↓↓↓
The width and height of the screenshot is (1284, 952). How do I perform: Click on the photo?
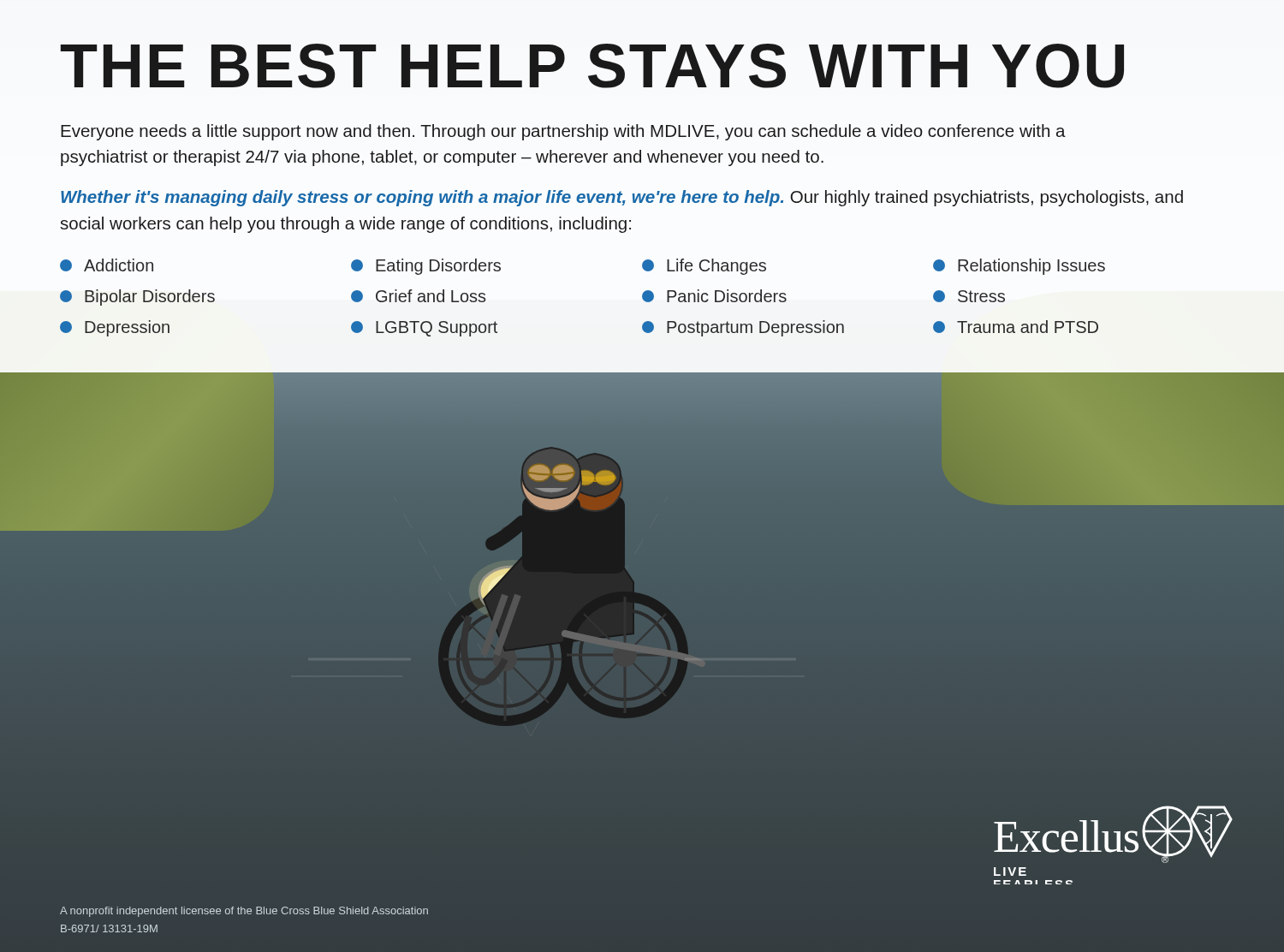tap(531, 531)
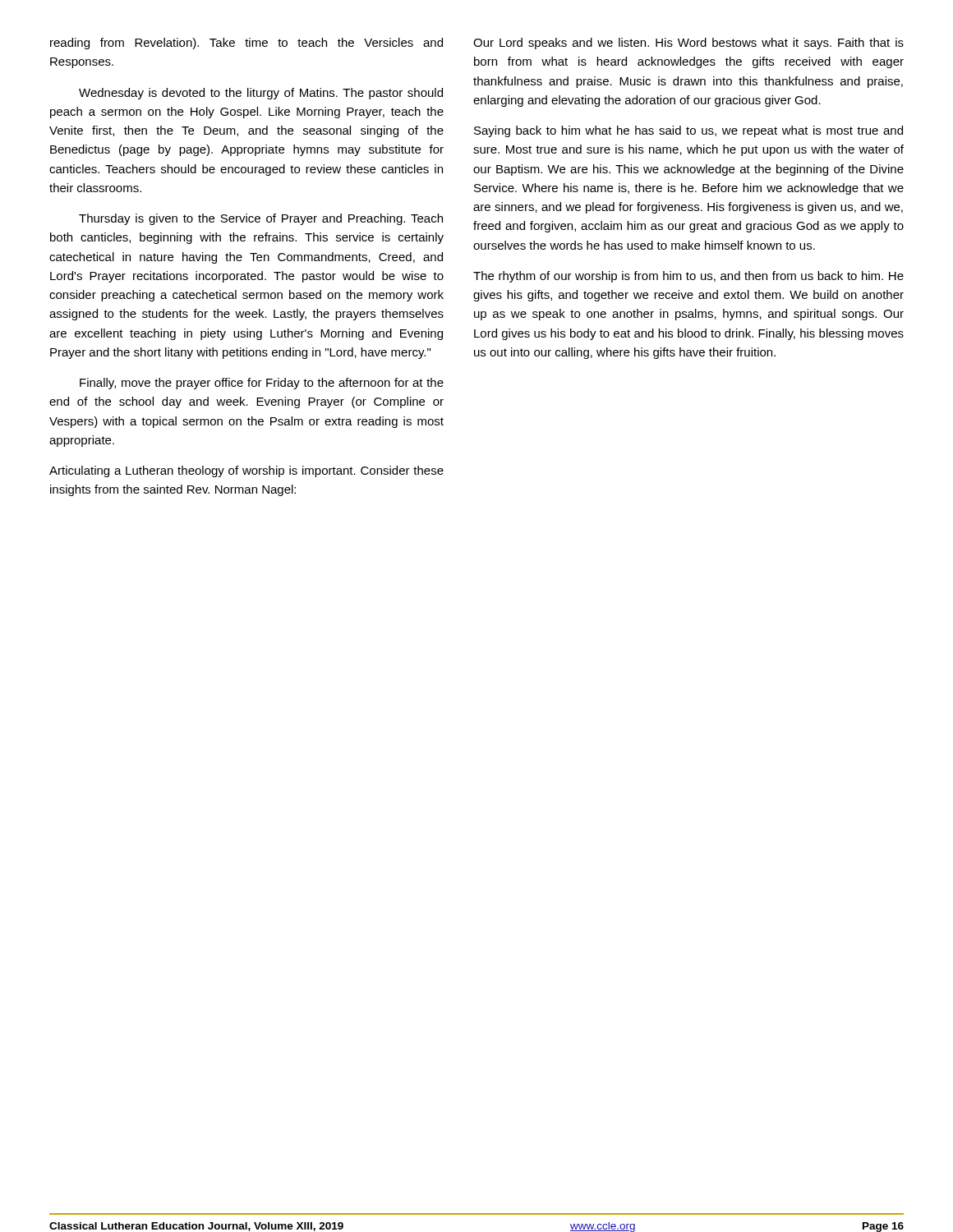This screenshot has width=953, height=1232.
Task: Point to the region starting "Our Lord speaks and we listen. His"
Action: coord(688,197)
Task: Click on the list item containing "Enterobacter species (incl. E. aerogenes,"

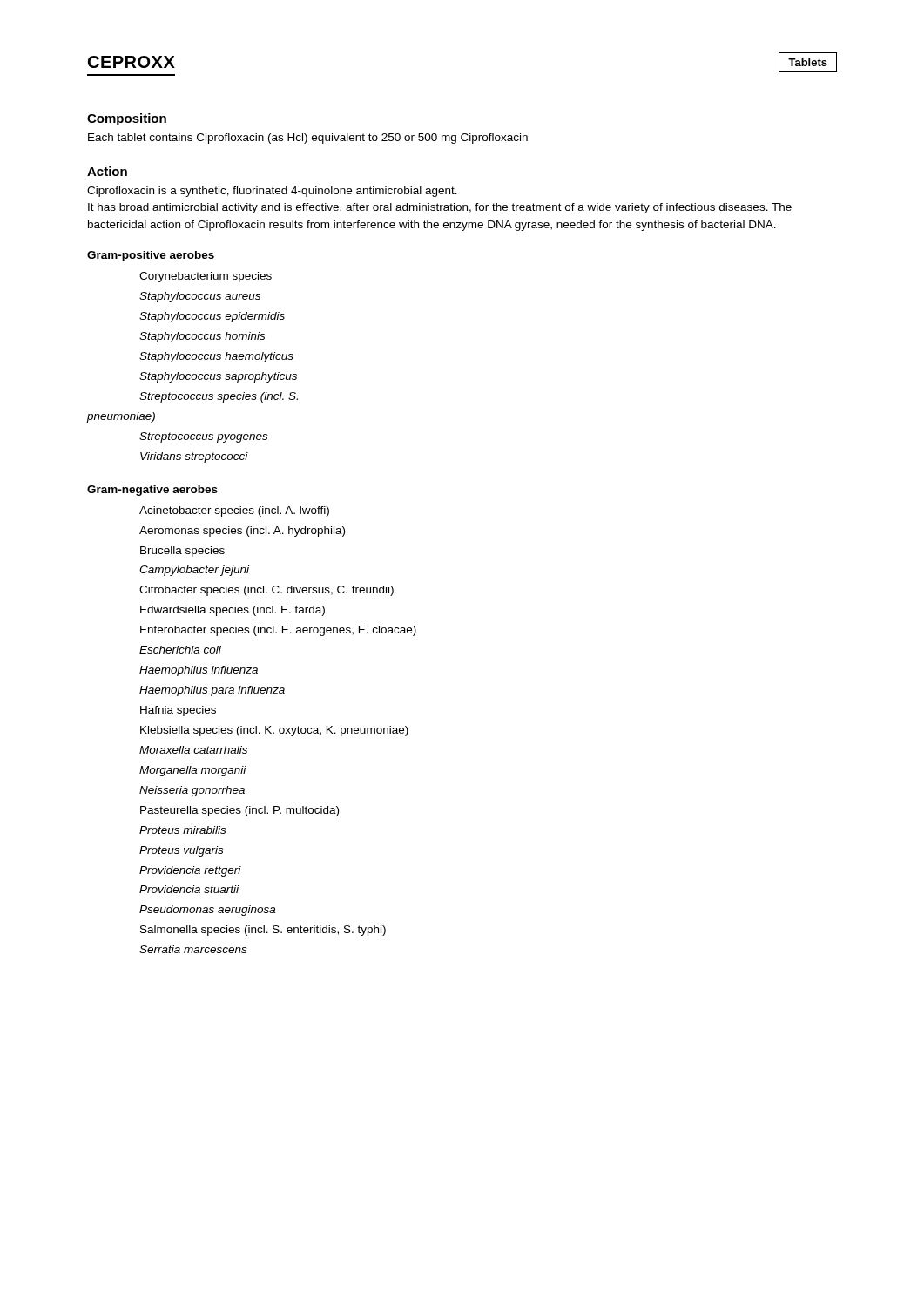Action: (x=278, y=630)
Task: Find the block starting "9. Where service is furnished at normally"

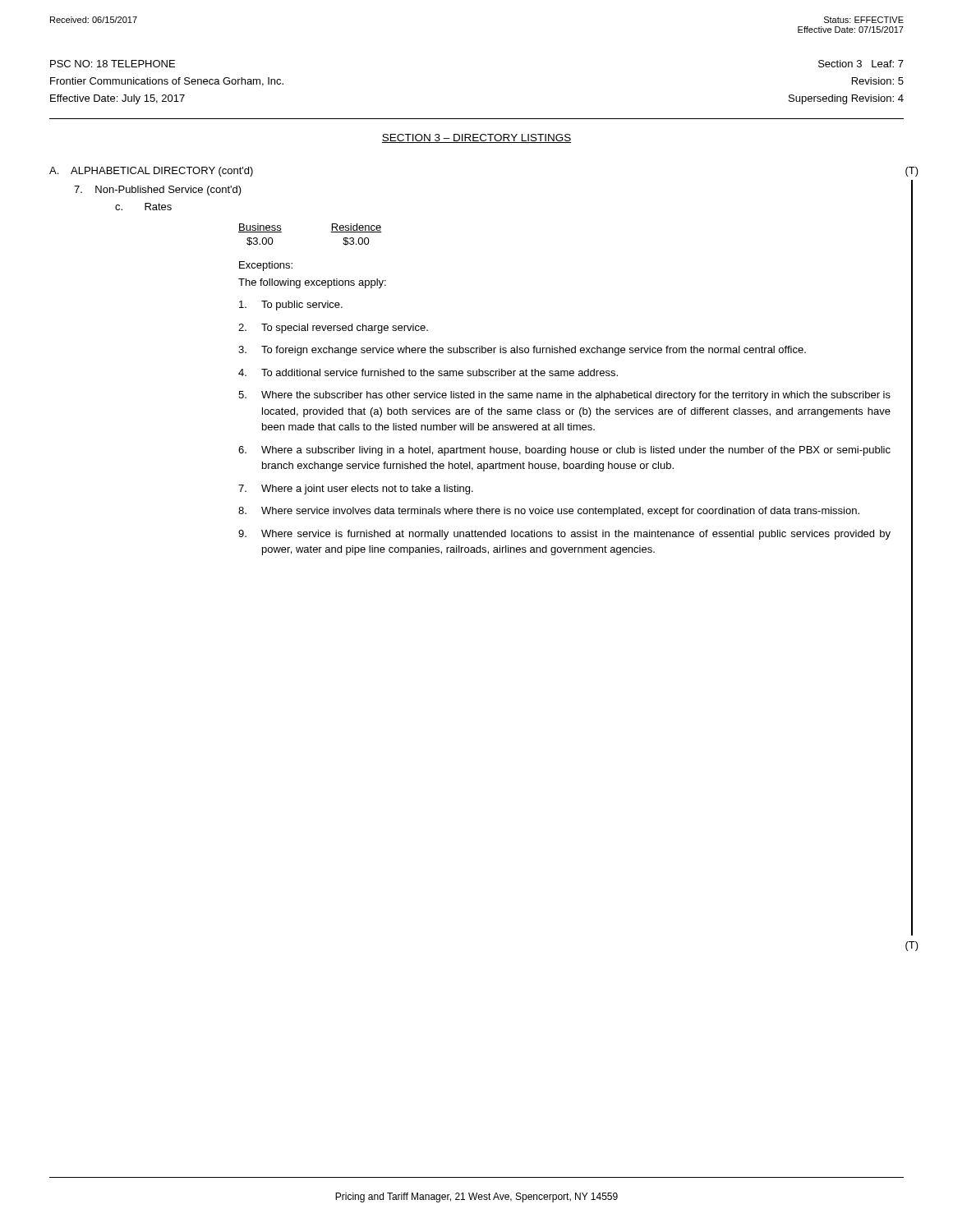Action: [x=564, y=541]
↑↑↑
Transcribe all entries above exactly. Omit the pictures.

▶ [YOUR RESPONSE]:
The width and height of the screenshot is (1284, 952). How do I perform: Click on the photo?
tap(531, 531)
This screenshot has width=953, height=1232.
Task: Point to the region starting "Our Lord speaks and we listen. His"
Action: coord(688,197)
Task: Click on the list item containing "Enterobacter species (incl. E. aerogenes,"

Action: (x=278, y=630)
Task: Find the block starting "9. Where service is furnished at normally"

Action: [x=564, y=541]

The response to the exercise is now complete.